Тогда в доме спать становится невозможно, и Чайковский в халате, со свечой, садится к столу и пишет. Но он едва слышит себя — из зала рвутся громы Бетховена, Мендельсона, Шумана…
С Моховой переехали, когда Музыкальные классы осенью 1866 года превращены были в консерваторию. Снят был дом на Воздвиженке, бок о бок с лавкой гробовщика. Чайковский поселился наверху — внизу жил Николай Григорьевич, из его комнат вел коридор в помещение консерватории; там, по коридору, бегали за ним женские тени — его ученицы. Иногда выпрашивали у него «на память» окурок папироски, старый конверт, платок. Он слегка касался их, когда говорил с ними (если они были хорошенькие), доводя их этим до блаженного полуобморока.
Теперь Николай Григорьевич занимался каждую ночь после клуба — он готовился к концертам спешно, должен был скоро ехать за границу. Чайковский сидел у себя наверху, без сна — спать не было времени — он писал. Снизу на весь дом несся рояль. Опять Чайковский переставал себя слышать, хватался в отчаянии за голову. Но разве мог он мечтать о переезде на собственную квартиру? На это прежде всего не было ни денег, ни смелости.
Прошло уже около года, как на первой странице «Московских ведомостей» появилось объявление: «Класс теории музыки П. И. Чайковского открывается по вторникам и пятницам в 11 часов утра, о чем доводится до сведения желающих поступить в означенный класс. Плата с ученика три рубля в месяц». Он стал профессором, о котором говорили, что он недурно сочиняет. Говорили, впрочем, только Альбрехт и Кашкин, сам Николай Григорьевич относился к этим шалостям еще свысока: лучше бы он влюбился в кого-нибудь, ведь молодцу скоро тридцать лет стукнет, а он ни на одну юбку еще не посмотрел!
С открытия консерватории оба стали столоваться у Альбрехта многосемейного, всегда озабоченного делами, домашними и консерваторскими. Собственно, кроме как к Карлуше да в консерваторию Чайковский мог никуда и не ходить: опера оказалась здесь хуже петербургской; полюбился ему Малый театр, Островский, к которому он с юности питал пристрастие; в концертах он появлялся аккуратно, они были здесь очень хороши: Николай Григорьевич вел их твердой рукой, и публики собиралось на них больше, чем в Петербурге — не столь изысканной, но куда более горячей. Итак, кроме Карлуши (большого любителя собирать бабочек), музыкальных сборищ да собственных уроков, Чайковский мог никуда не ходить, но это не всегда бывало так. Рубинштейн, когда только мог, не давал ему покоя.

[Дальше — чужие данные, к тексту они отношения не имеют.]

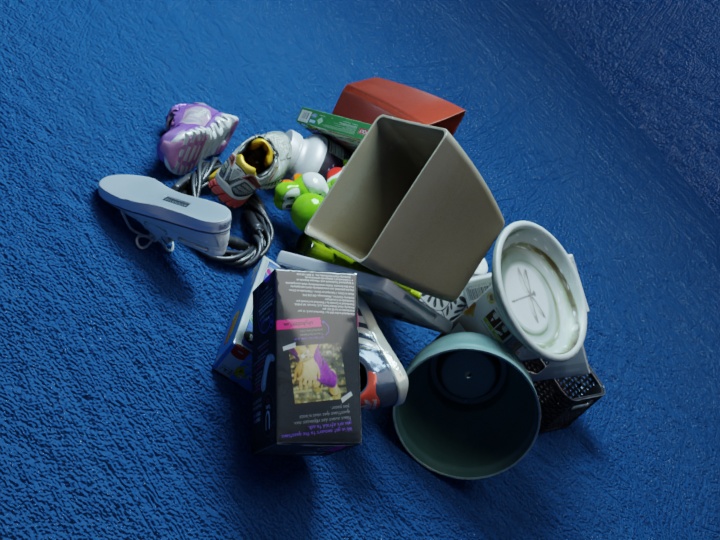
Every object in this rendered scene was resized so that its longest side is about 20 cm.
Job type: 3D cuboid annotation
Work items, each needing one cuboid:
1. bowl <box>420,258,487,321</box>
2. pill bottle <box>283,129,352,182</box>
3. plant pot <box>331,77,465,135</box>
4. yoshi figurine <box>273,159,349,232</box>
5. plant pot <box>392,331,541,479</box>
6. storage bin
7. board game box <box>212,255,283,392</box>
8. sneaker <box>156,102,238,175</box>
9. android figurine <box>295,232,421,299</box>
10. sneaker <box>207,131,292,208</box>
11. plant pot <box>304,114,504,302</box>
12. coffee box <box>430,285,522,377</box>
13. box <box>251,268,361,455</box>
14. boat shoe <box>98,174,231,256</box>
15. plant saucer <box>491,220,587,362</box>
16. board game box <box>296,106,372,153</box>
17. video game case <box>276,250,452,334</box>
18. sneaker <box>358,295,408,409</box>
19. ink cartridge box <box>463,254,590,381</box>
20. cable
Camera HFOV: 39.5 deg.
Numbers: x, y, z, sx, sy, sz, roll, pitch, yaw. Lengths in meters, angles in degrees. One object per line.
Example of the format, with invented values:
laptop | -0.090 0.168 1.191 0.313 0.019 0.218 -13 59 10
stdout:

Была одна девица, племянница купцов московских, по смешному имени Муфка, которую Николай Григорьевич непременно хотел навязать Чайковскому в невесты. Девица была веселая, миленькая, бойкая, Чайковский долго бегал от нее, хотя никакого отвращения к ней не испытывал, и можно даже сказать, что она ему нравилась. В Артистический кружок, в Английский клуб его провел Николай Григорьевич, и в Кружке, между прочим, он иногда проводил час-другой за ералашем. Садовский и Живокини, сидевшие тут часов по десяти ежедневно, лобызали его при встрече в губы и затылок (он долго не мог к этому привыкнуть), хлопали его по животу, наступали как-то невзначай и без всякого умысла в своих шутках на все его больные мозоли (а их было немало). Иногда давались балы, маскарады, Николай Григорьевич и Венявский садились за два рояля и импровизировали на заданные публикой темы танцы, молодежь кружилась; Островский и Писемский, между плотным обедом и плотным ужином, читали в гостиной последние свои произведения. И Петр Ильич, боясь, что по молодости лет его примут за танцующего кавалера, скрывался в углах, не зная, с кем ему легче — с насмешницей ли Муфкой, открывшей сегодня для него нежные плечи, или со старыми актерами, до слез хохочущими над собственными деревянными экспромтами, над неповоротливыми каламбурами.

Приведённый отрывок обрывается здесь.